ABOUT THIS EXERCISE: Your response should contain each line of the data that includes "draft".

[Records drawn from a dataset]

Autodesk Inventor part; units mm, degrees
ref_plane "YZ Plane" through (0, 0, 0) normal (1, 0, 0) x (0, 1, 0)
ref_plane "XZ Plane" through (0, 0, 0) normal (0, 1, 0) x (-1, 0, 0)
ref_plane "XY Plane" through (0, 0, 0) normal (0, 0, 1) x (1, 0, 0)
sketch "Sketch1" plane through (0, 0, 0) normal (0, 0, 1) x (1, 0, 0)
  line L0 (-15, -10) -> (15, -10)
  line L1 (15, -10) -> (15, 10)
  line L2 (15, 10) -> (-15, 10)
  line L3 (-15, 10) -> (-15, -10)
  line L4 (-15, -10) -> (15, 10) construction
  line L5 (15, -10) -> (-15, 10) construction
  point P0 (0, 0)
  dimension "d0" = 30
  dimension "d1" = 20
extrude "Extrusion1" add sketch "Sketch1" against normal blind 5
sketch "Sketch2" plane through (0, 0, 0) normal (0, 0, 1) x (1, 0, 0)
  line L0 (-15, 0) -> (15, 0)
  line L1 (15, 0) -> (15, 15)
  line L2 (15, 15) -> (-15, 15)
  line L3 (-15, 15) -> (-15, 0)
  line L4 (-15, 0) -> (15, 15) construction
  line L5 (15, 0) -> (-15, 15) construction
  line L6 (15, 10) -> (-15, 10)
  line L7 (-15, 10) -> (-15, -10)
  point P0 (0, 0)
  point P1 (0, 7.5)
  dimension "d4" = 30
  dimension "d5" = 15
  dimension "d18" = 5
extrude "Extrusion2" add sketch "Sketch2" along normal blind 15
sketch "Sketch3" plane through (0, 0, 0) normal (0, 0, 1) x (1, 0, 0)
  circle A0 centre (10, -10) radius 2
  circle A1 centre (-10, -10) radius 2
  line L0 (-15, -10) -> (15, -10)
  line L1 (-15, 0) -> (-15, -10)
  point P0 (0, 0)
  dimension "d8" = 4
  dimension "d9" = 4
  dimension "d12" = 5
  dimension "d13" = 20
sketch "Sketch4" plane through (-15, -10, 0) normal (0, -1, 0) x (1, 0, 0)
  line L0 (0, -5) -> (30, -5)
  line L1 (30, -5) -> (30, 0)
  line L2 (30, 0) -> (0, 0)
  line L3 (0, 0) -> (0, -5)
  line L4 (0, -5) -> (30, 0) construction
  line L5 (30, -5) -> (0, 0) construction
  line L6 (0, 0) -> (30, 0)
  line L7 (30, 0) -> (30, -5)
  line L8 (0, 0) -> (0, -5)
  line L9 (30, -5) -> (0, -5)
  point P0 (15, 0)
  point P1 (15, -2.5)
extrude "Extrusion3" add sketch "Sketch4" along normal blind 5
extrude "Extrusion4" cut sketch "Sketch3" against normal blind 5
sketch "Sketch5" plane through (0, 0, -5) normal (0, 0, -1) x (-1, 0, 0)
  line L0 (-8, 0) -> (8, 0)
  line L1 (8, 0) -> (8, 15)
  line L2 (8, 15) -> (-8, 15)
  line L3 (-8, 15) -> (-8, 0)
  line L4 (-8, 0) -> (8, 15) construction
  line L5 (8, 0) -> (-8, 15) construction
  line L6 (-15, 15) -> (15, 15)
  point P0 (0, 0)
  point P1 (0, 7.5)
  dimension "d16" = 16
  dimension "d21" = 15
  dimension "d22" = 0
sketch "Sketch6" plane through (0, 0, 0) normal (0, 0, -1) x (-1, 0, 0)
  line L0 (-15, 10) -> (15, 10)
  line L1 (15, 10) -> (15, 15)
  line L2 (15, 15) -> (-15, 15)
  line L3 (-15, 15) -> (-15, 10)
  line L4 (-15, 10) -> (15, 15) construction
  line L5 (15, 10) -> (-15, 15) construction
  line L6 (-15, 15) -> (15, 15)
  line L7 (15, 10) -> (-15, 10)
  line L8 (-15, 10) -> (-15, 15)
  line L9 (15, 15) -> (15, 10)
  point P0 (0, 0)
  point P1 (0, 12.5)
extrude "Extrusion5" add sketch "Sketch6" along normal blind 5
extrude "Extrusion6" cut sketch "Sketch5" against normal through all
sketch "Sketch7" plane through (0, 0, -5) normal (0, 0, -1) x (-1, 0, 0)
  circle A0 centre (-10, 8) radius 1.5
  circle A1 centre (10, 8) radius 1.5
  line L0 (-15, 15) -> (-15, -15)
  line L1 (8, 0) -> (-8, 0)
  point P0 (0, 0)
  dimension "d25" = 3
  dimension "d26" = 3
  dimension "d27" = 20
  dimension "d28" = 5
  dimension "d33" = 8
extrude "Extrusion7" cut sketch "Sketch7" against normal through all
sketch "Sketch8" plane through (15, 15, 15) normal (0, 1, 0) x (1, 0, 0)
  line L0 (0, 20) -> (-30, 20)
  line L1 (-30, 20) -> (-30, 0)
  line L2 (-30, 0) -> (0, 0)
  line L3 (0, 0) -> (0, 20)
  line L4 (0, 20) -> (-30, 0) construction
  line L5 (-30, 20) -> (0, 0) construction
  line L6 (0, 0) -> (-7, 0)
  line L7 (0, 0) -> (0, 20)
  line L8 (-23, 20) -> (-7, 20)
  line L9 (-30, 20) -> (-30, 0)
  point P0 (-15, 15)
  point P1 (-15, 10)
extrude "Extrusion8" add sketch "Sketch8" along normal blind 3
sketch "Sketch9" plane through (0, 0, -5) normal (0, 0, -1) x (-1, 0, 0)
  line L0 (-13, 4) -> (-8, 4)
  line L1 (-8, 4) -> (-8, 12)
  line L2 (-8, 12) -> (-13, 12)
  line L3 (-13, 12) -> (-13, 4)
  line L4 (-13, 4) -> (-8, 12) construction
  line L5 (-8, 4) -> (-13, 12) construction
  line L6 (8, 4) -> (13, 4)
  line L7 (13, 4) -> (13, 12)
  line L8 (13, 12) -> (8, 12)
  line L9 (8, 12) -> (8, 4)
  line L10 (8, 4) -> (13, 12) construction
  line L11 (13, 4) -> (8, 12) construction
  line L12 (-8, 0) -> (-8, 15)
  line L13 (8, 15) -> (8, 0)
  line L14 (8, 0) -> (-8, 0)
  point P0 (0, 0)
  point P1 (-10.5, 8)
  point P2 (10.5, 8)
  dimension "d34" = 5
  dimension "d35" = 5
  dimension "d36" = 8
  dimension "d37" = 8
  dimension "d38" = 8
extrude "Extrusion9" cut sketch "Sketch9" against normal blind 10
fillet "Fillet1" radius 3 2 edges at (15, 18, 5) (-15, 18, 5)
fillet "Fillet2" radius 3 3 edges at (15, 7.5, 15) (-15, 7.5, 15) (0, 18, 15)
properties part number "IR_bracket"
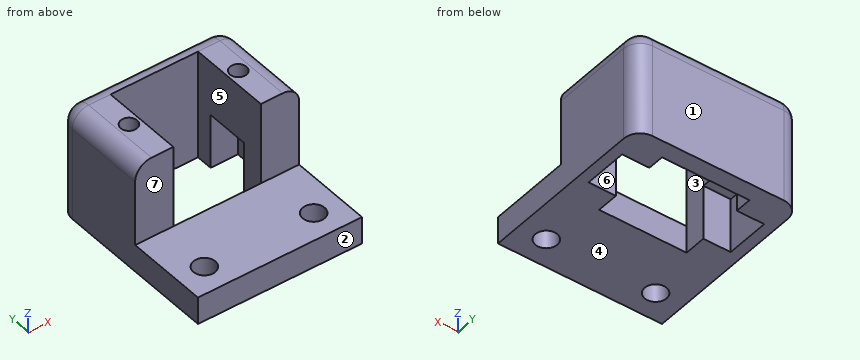
Model file for the job. Use its own axes, mm. Face numbers are marked on the shaded views. A direction names the side the tool comes from. Coordinates: 2 decimals unless noted, no trailing zeros. Write each loop counter-clockwise with the first axis right and the second up, starting at its lowest first coordinate (ties: lowest second). Pieces come first, ordered by that corner, then holes. Notation, with made-up numbers: (46.25, 52.25) - (50.25, 52.25) arc R12 cw to (50.25, 75.25) - close; hole circle Ø1 at (51.25, 54.25). An arc over 180 degrees is marked (long way). One line per item, written item: value. Start each with the question number.
1. Flat gauge pins, fed straight in: pin 1 (1.5 mm diameter, centred on x = 11, y = 7.5, fed in from -Z); pin 2 (2 mm diameter, centred on x = -12, z = 7.5, fed in from -Y); pin 3 (4.5 mm diameter, centred on x = 3.5, y = -4.5, fed in from +Z). Where does each tip first touch, or does it go through?
2. Slice it at A-A (x = 10). Write the cut outline in (y, z), plus the area to 3 significant figures.
3. Tool access for the marked faces 5, 6 and 7: list every direction of +Z, -Z, +X, -X, +Y, -Y with a clear straight run to the whole face (end or side of a thin tool).
4. Slice it at D-D (z = 11.5). Write the cut outline in (x, y), plus the area to 3 significant figures.
5. Slice it at B-B (y = 8). Write the cut outline in (x, z), plus the area to 3 significant figures.
6. Probe line 1 (Y direction, x = 10, z = -1.2); line 2 (X direction, y = -10, z = -3.9); line 3 (X direction, y = 4, z = 6.5). List the from-to ranges inside material, lowest first. Write a range as from..to.
7. Mould opens along Y. For the marked faces 1, 2, 3 and 4 say: released by +Y, released by -Y, zero draft, split by the parting line, or undercut.
Answers below:
1. pin 1: stops at z = 5
1. pin 2: stops at y = 0
1. pin 3: stops at z = 0
2. outline: (-15, -5) - (-12, -5) - (-12, 0) - (-15, 0) - close; (-8, -5) - (4, -5) - (4, 5) - (6.5, 5) - (6.5, 15) - (0, 15) - (0, 0) - (-8, 0) - close; (9.5, 5) - (12, 5) - (12, -5) - (18, -5) - (18, 12) arc R3 ccw to (15, 15) - (9.5, 15) - close
2. area: 303 mm^2
3. face 5: +Z, -Z
3. face 6: -Z
3. face 7: +Z, +X, -X, -Y
4. outline: (-15, 0) - (-8, 0) - (-8, 15) - (8, 15) - (8, 0) - (15, 0) - (15, 15) arc R3 ccw to (12, 18) - (-12, 18) arc R3 ccw to (-15, 15) - close; hole circle Ø3 at (-10, 8); hole circle Ø3 at (10, 8)
4. area: 282 mm^2
5. outline: (-15, -5) - (-13, -5) - (-13, 5) - (-11.5, 5) - (-11.5, 15) - (-12, 15) arc R3 ccw to (-15, 12) - close; (-8.5, 5) - (-8, 5) - (-8, 15) - (-8.5, 15) - close; (8, 5) - (8.5, 5) - (8.5, 15) - (8, 15) - close; (11.5, 5) - (13, 5) - (13, -5) - (15, -5) - (15, 12) arc R3 ccw to (12, 15) - (11.5, 15) - close
5. area: 116 mm^2
6. line 1: y = -15..-12, -8..4, 12..18
6. line 2: x = -15..-12, -8..8, 12..15
6. line 3: x = -15..-8, 8..15
7. face 1: released by +Y
7. face 2: released by -Y
7. face 3: undercut
7. face 4: zero draft

TASK SOLUTION:
7. Mould opens along Y. For the marked faces 1, 2, 3 and 4 say: released by +Y, released by -Y, zero draft, split by the parting line, or undercut.
7. face 4: zero draft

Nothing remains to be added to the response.